■ Exercise objective ■
A verbatim printing of the entries that follow is needed; pictures must not appear in it.

Stored data entries:

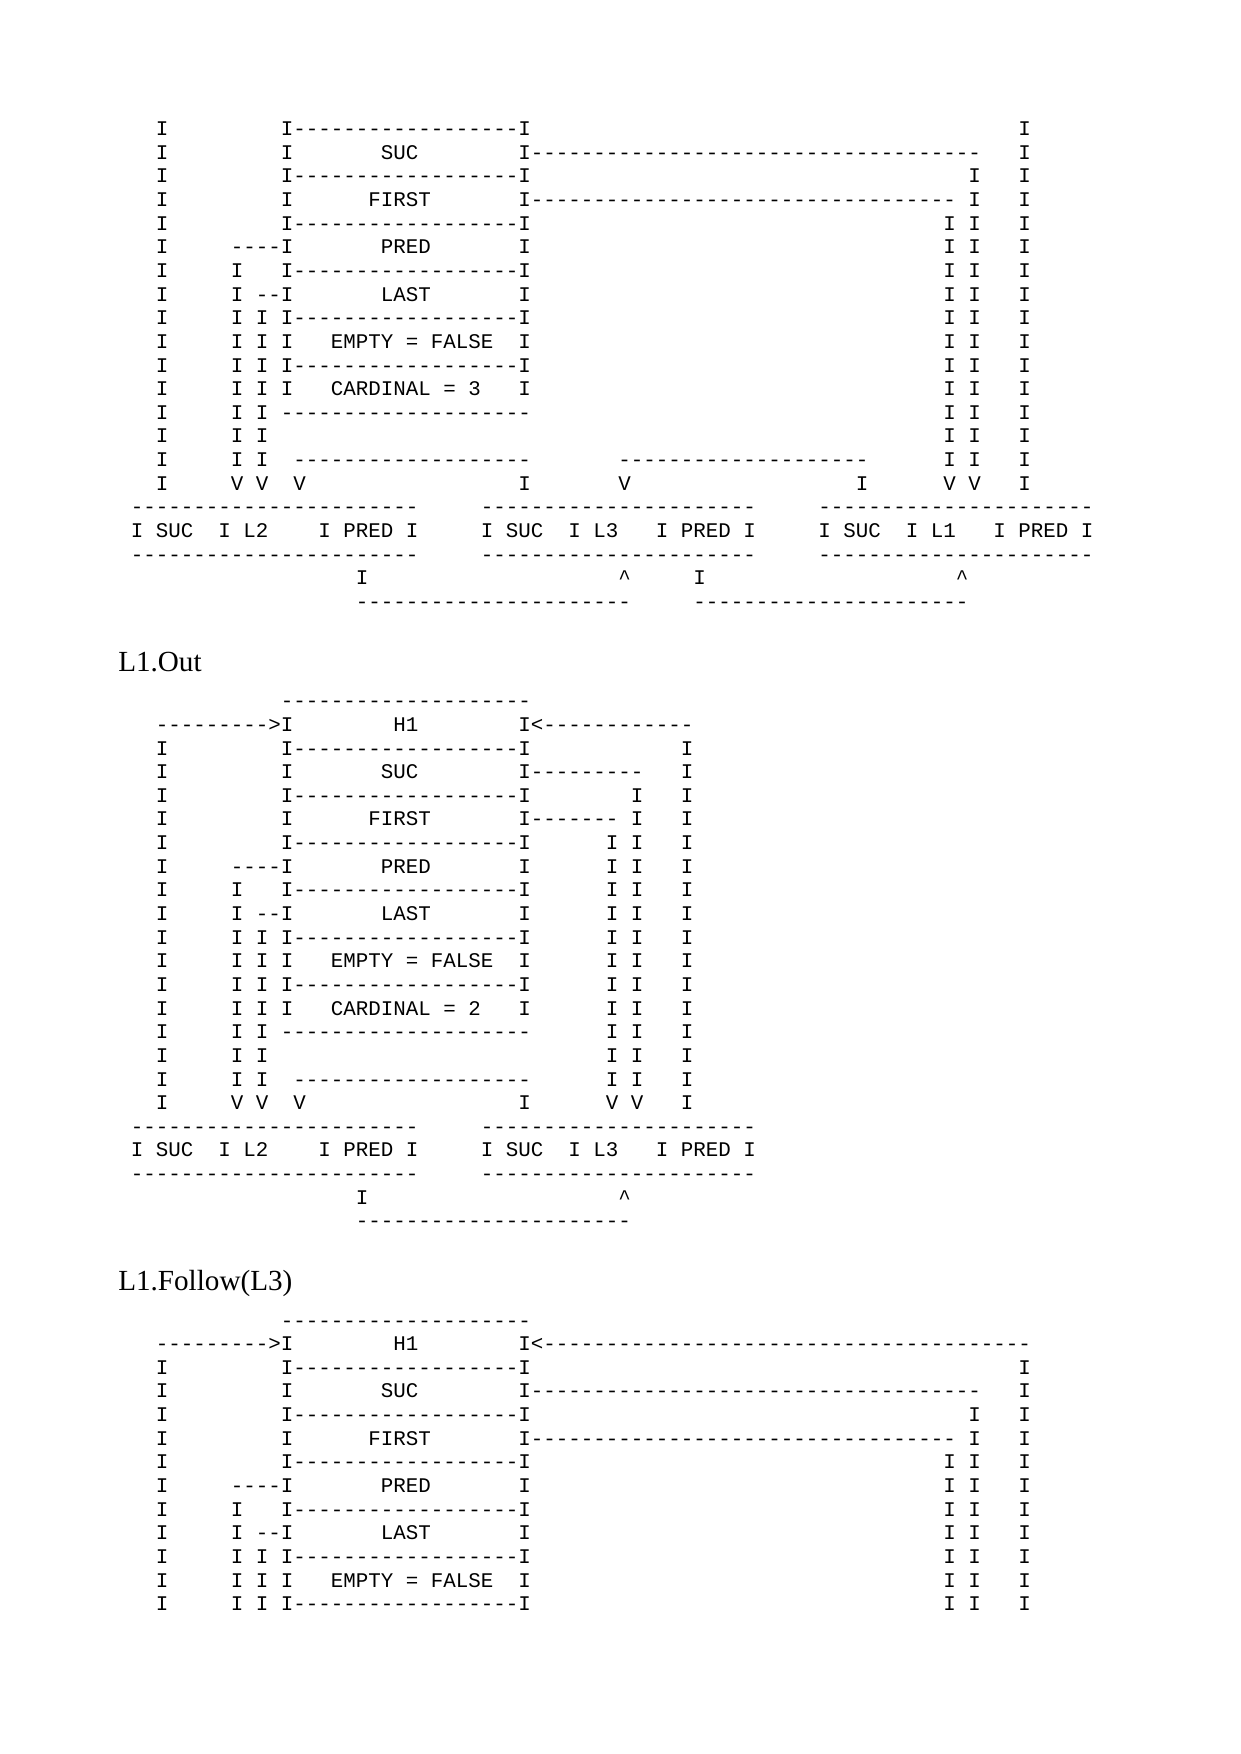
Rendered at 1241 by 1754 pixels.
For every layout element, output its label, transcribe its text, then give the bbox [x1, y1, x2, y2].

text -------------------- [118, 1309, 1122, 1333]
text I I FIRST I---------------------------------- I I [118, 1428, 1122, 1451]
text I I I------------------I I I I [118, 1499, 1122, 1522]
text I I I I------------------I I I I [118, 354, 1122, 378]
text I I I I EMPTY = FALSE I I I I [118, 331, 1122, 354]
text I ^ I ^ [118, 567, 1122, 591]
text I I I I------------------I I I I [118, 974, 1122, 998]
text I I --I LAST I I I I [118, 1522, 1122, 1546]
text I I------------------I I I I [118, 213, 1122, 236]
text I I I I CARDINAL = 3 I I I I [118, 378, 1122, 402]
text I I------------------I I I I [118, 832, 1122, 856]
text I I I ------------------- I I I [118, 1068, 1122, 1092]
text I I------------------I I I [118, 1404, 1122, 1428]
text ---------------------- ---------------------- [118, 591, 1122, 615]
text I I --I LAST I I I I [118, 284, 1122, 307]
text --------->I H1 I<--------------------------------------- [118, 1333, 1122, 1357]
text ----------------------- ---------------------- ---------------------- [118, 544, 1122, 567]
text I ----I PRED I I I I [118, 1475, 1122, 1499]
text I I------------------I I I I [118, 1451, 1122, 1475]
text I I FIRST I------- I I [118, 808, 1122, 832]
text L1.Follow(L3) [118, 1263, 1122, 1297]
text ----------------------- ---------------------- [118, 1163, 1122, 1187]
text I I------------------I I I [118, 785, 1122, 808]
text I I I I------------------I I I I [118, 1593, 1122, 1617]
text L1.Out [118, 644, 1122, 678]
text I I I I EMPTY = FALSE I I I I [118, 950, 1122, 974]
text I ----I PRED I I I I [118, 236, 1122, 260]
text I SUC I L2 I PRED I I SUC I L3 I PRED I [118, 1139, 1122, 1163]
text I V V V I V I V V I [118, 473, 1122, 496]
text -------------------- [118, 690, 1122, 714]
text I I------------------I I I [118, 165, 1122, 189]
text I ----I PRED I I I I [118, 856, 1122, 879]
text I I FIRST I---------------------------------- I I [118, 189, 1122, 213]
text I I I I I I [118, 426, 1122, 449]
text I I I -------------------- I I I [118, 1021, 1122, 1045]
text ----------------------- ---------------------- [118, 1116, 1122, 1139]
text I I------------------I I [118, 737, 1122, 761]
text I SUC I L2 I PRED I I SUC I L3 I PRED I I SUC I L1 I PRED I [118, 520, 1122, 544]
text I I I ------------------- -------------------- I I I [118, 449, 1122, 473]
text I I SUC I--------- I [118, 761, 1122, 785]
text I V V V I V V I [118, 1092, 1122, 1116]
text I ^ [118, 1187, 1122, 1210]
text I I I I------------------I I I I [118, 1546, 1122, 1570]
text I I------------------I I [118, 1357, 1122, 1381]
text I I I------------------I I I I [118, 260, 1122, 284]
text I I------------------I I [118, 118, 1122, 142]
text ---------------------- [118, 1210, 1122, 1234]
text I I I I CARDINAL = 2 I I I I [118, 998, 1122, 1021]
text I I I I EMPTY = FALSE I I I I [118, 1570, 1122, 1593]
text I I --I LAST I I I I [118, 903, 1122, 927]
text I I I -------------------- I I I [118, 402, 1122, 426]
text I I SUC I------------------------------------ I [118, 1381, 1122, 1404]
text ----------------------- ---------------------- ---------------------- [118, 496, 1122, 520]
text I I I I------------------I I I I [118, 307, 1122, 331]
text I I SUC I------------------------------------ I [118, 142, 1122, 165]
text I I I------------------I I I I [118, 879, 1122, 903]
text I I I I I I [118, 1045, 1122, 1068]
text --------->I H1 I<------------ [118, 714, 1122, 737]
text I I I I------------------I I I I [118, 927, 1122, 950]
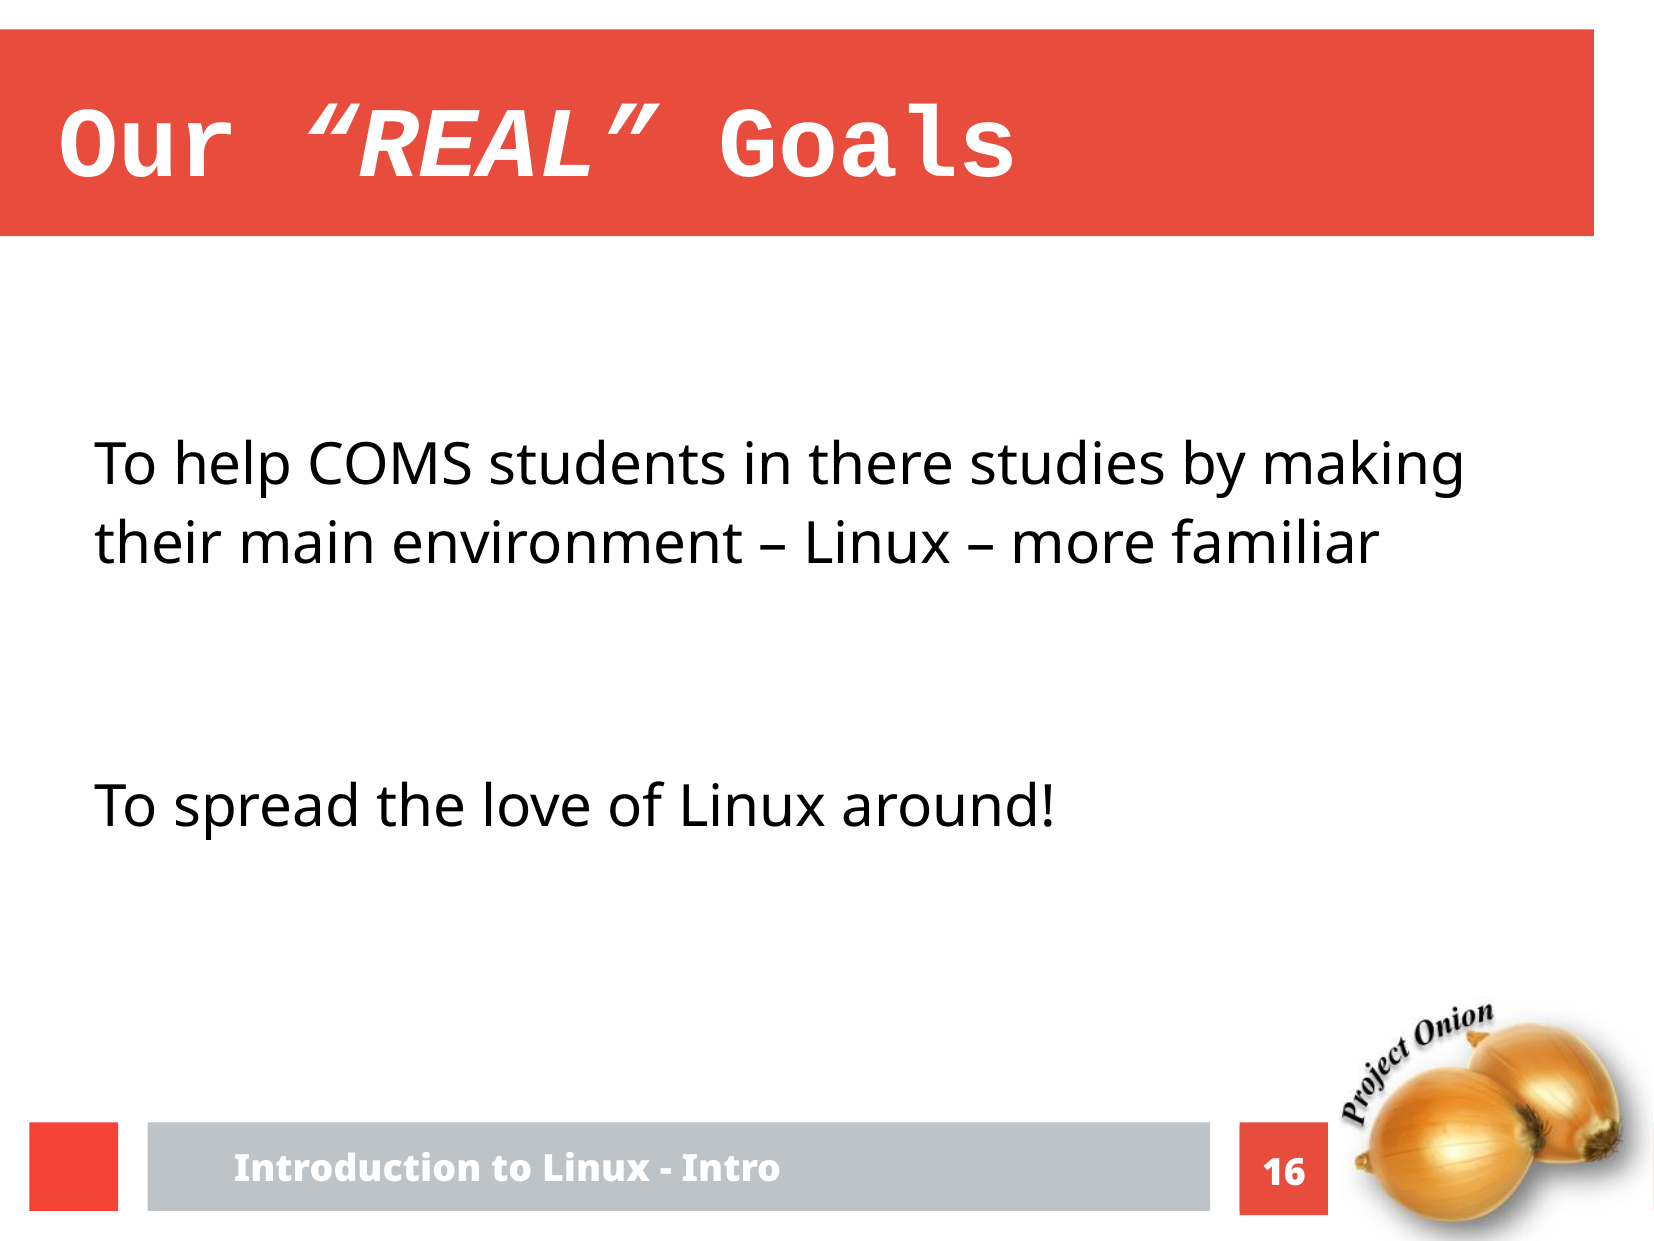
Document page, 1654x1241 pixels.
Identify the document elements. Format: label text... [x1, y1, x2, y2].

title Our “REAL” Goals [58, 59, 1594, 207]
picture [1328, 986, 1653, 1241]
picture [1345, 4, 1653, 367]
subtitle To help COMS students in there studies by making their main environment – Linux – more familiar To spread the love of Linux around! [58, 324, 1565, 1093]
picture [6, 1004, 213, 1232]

■ Result of the exercise ■
Rendered at 1241 by 1754 pixels.
For every layout element, output its label, transcribe its text, then give the bbox [x1, y1, x2, y2].

text -------------------- [118, 1309, 1122, 1333]
text I I FIRST I---------------------------------- I I [118, 1428, 1122, 1451]
text I I I------------------I I I I [118, 1499, 1122, 1522]
text I I I I------------------I I I I [118, 354, 1122, 378]
text I I I I EMPTY = FALSE I I I I [118, 331, 1122, 354]
text I ^ I ^ [118, 567, 1122, 591]
text I I I I------------------I I I I [118, 974, 1122, 998]
text I I --I LAST I I I I [118, 1522, 1122, 1546]
text I I------------------I I I I [118, 213, 1122, 236]
text I I I I CARDINAL = 3 I I I I [118, 378, 1122, 402]
text I I------------------I I I I [118, 832, 1122, 856]
text I I I ------------------- I I I [118, 1068, 1122, 1092]
text I I------------------I I I [118, 1404, 1122, 1428]
text ---------------------- ---------------------- [118, 591, 1122, 615]
text I I --I LAST I I I I [118, 284, 1122, 307]
text --------->I H1 I<--------------------------------------- [118, 1333, 1122, 1357]
text ----------------------- ---------------------- ---------------------- [118, 544, 1122, 567]
text I ----I PRED I I I I [118, 1475, 1122, 1499]
text I I------------------I I I I [118, 1451, 1122, 1475]
text I I FIRST I------- I I [118, 808, 1122, 832]
text L1.Follow(L3) [118, 1263, 1122, 1297]
text ----------------------- ---------------------- [118, 1163, 1122, 1187]
text I I------------------I I I [118, 785, 1122, 808]
text I I I I------------------I I I I [118, 1593, 1122, 1617]
text L1.Out [118, 644, 1122, 678]
text I I I I EMPTY = FALSE I I I I [118, 950, 1122, 974]
text I ----I PRED I I I I [118, 236, 1122, 260]
text I SUC I L2 I PRED I I SUC I L3 I PRED I [118, 1139, 1122, 1163]
text I V V V I V I V V I [118, 473, 1122, 496]
text -------------------- [118, 690, 1122, 714]
text I I------------------I I I [118, 165, 1122, 189]
text I ----I PRED I I I I [118, 856, 1122, 879]
text I I FIRST I---------------------------------- I I [118, 189, 1122, 213]
text I I I I I I [118, 426, 1122, 449]
text I I I -------------------- I I I [118, 1021, 1122, 1045]
text ----------------------- ---------------------- [118, 1116, 1122, 1139]
text I I------------------I I [118, 737, 1122, 761]
text I SUC I L2 I PRED I I SUC I L3 I PRED I I SUC I L1 I PRED I [118, 520, 1122, 544]
text I I I ------------------- -------------------- I I I [118, 449, 1122, 473]
text I I SUC I--------- I [118, 761, 1122, 785]
text I V V V I V V I [118, 1092, 1122, 1116]
text I ^ [118, 1187, 1122, 1210]
text I I I I------------------I I I I [118, 1546, 1122, 1570]
text I I------------------I I [118, 1357, 1122, 1381]
text I I I------------------I I I I [118, 260, 1122, 284]
text I I------------------I I [118, 118, 1122, 142]
text ---------------------- [118, 1210, 1122, 1234]
text I I I I CARDINAL = 2 I I I I [118, 998, 1122, 1021]
text I I I I EMPTY = FALSE I I I I [118, 1570, 1122, 1593]
text I I --I LAST I I I I [118, 903, 1122, 927]
text I I I -------------------- I I I [118, 402, 1122, 426]
text I I SUC I------------------------------------ I [118, 1381, 1122, 1404]
text ----------------------- ---------------------- ---------------------- [118, 496, 1122, 520]
text I I I I------------------I I I I [118, 307, 1122, 331]
text I I SUC I------------------------------------ I [118, 142, 1122, 165]
text I I I------------------I I I I [118, 879, 1122, 903]
text I I I I I I [118, 1045, 1122, 1068]
text --------->I H1 I<------------ [118, 714, 1122, 737]
text I I I I------------------I I I I [118, 927, 1122, 950]
Document page, 1654x1241 pixels.
Identify the document elements. Format: label text... [x1, y1, x2, y2].

title Our “REAL” Goals [58, 59, 1594, 207]
picture [1328, 986, 1653, 1241]
picture [1345, 4, 1653, 367]
subtitle To help COMS students in there studies by making their main environment – Linux – more familiar To spread the love of Linux around! [58, 324, 1565, 1093]
picture [6, 1004, 213, 1232]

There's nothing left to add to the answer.